The Essence of Prayer, IV – Eph 6:18

Ephesians 6:18  Supplication comes immediately after “all prayer”.  What is supplication?  Various verses of hymn 427 give the essence of supplication:  “Jesus, lover of my soul, let me to thy bosom fly.”  “Other refuge have I none, hangs my helpless soul on Thee.”  “Thou of life the fountain art, freely let me take of Thee.”  There is a mighty sense of the weakness of the believer, of Christ’s sufficiency in the midst of surrounding enemies.  But what makes prayer into supplication is its urgency.  Paul says we should be praying at all times, but not just unceasingly and not just with “all prayer”.  We must be praying with supplication.  It is casting ourselves on our faces and grabbing hold of the knees of the King in desperation, as sinners in the Old Testament would grab hold of the horns of the altar.  It is seeking God with all of the heart in the midst of great distress, Deuteronomy 4:29.

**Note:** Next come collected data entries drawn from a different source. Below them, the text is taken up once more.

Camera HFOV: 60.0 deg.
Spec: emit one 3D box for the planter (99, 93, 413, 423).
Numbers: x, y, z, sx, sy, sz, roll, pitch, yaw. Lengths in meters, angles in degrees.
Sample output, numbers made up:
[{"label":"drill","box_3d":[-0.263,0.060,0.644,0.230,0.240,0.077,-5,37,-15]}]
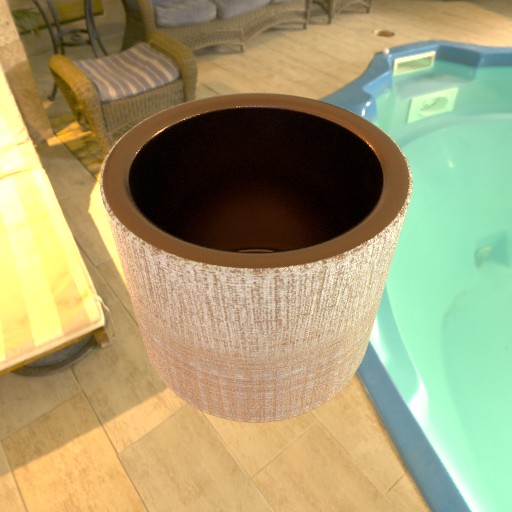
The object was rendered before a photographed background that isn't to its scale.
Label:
[{"label":"planter","box_3d":[0.000,0.000,0.188,0.109,0.096,0.109,0,45,0]}]
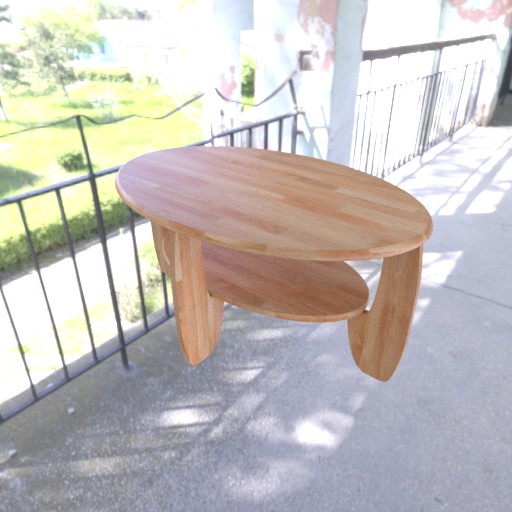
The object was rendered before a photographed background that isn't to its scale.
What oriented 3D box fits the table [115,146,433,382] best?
[{"bbox_3d":[0.000,0.000,1.432,1.040,0.490,0.690,22,36,33],"label":"table"}]
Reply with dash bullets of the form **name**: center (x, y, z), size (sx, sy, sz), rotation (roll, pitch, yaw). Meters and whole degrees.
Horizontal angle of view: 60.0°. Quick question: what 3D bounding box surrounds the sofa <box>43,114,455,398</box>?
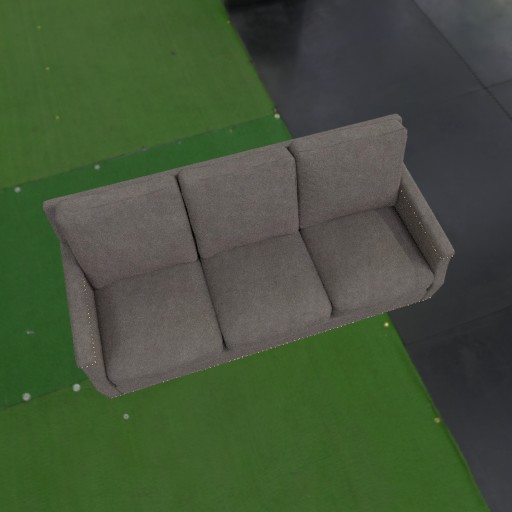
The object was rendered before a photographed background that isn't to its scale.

Prayer of this sort is part of spiritual warfare.  Warfare is not polite – it is life and death.  Satan, the flesh, and the world are ready to cut off the believer at every point.  We are often unaware that we are totally without strength and we offer up polite, little prayers.  Unless we are aware that we are totally without strength we will not pray with supplication.  In this warfare, supplication is like the supply line of temporal war.  Without a supply line stretching from the supplies to the troops, the troops cannot be sustained.  We are in the world and we have to have this supply line of supplication.  We must be coming to the throne of grace, Hebrews 4:16, because of our desperate need.  This supply line can be cut off by our own unwillingness to come to the throne of grace.

There is a determination, a courage needed to come to the throne of grace in this way.  The Pony Express had a job to do, to deliver the mail from Missouri to California.  They had to carry on through Indian attacks, through outlaw ambushes, from supply station to supply station where they could be relieved by another rider.  Sometimes they would reach a supply station and it would have been destroyed with no other rider available.  They couldn’t stop and say “Oh well.  I’ve come as far as I was supposed to go.”  No.  They had a job to do and they had to be determined to ride on, often to the death.

This is the job of the believer in supplication.  Genesis 18:16-33  Abraham supplicated God boldly but humbly for those in Sodom.  He was trembling before the Lord but determined to plead for the sake of those who might be righteous.  Genesis 32  Jacob was afraid for his family and he wrestled with God for blessing.

The believer must pray with supplication for himself, his loved ones, his neighbors, the church, the world.  This is not politeness but warfare, not parlor games but warfare.  This is “no holds barred” prayer, which is what God gives.